What it buys you (measured on an RTX A2000 12 GB — in a NAS's PCIe 3.0 x8 slot; see METHODOLOGY "Test host")
- It fits at all. Full bf16 OLMoE-1B-7B is ~13.9 GB — it OOMs on a 12 GB card. In 4-bit it loads at 4.70 GB and trains in <8 GB. The streaming loader never materializes the bf16 model in CPU or GPU RAM (verified under a 3 GB container RAM cap).
- It trains. QLoRA on the frozen NF4 experts improves a held-out Alpaca eval from
1.4813 → 1.0290 (see
docs/METHODOLOGY.md). - It scales past VRAM (
OFFLOAD_EXPERTS=1).
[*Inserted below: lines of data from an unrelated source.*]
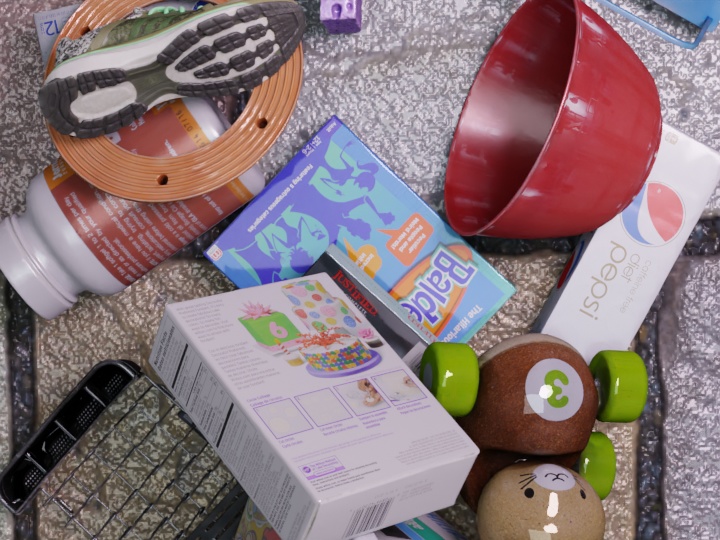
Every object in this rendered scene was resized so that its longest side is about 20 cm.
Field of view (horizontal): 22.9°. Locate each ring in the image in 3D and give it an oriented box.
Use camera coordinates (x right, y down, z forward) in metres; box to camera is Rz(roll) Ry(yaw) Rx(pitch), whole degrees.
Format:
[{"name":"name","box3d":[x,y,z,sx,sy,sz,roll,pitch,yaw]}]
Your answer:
[{"name":"ring","box3d":[-0.138,-0.141,1.316,0.200,0.019,0.201,-4,70,10]}]

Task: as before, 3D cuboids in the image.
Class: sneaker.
[{"name":"sneaker","box3d":[-0.140,-0.170,1.285,0.200,0.077,0.089,-17,50,0]}]

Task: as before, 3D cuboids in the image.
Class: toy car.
[{"name":"toy car","box3d":[0.132,0.159,1.280,0.164,0.200,0.158,3,126,-16]}]

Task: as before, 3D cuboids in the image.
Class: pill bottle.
[{"name":"pill bottle","box3d":[-0.183,-0.053,1.370,0.200,0.112,0.112,-35,92,2]}]

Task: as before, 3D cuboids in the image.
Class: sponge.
[{"name":"sponge","box3d":[-0.014,-0.285,1.355,0.030,0.112,0.200,0,93,3]}]

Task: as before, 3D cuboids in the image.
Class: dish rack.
[{"name":"dish rack","box3d":[-0.166,0.178,1.401,0.200,0.055,0.153,42,104,-2]}]

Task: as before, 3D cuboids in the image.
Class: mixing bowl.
[{"name":"mixing bowl","box3d":[0.156,-0.103,1.334,0.108,0.200,0.200,20,93,-17]}]

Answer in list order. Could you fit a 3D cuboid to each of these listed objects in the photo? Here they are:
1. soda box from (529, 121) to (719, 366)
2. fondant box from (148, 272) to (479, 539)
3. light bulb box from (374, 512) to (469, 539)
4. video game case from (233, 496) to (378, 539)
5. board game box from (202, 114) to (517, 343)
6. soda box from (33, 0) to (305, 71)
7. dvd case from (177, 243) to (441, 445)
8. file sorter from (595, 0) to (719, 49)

The frozen experts stream from pinned CPU RAM one layer at a time, so a fused-MoE whose 4-bit experts exceed the card can QLoRA-train on 12 GB: Qwen3-30B-A3B peaks at 7.16 GB, Gemma-4-26B-A4B at 8.47 GB — both OOM without offload. Mechanics and cost under Training + expert offload. - It serves the fine-tune it made (
python -m experts4bit_qlora.infer). The adapters run over the exact NF4 base they were trained against — no GGUF/AWQ re-quantization shifting the error surface. OLMoE decodes at 1.44 tok/s in 1.68 GB with prefetched offload (resident: 3.08 tok/s at 4.86 GB); the same path decodes Gemma-4-26B at 0.43 tok/s (6.2 GB) and Qwen3-30B-A3B at 0.22 tok/s (4.4 GB) — models whose resident decode simply OOMs. See Inference. - Honest caveat — this is a memory technology, not an energy one. On a GPU that already fits the model, 4-bit is a 1.2–2.3× energy penalty (NF4 is storage-only; the GEMM runs in bf16 either way, plus dequant). The energy win only shows up when memory is the binding constraint — then it's the difference between running and not, and up to 4.4× lower energy/token from the batch that freed memory unlocks. Numbers and method in the docs.
Install
pip install experts4bit-qlora # primitive + adapters + benchmarks (torch + bitsandbytes)
pip install "experts4bit-qlora[train]" # + the streaming MoE trainer (transformers>=5.0, datasets, ...)
Runs on a stock pip install bitsandbytes today — see "Relationship to bitsandbytes" below.
Quickstart
import torch
from experts4bit_qlora import Experts4bit, ExpertsNbit, ExpertsLoRA
# Freeze a fused expert stack in 4-bit, attach trainable per-expert LoRA.
gate_up = torch.randn(8, 2 * 256, 128) # [num_experts, 2*intermediate, hidden]
down = torch.randn(8, 128, 256) # [num_experts, hidden, intermediate]
base = Experts4bit.from_float(gate_up, down, quant_type="nf4", compute_dtype=torch.float32)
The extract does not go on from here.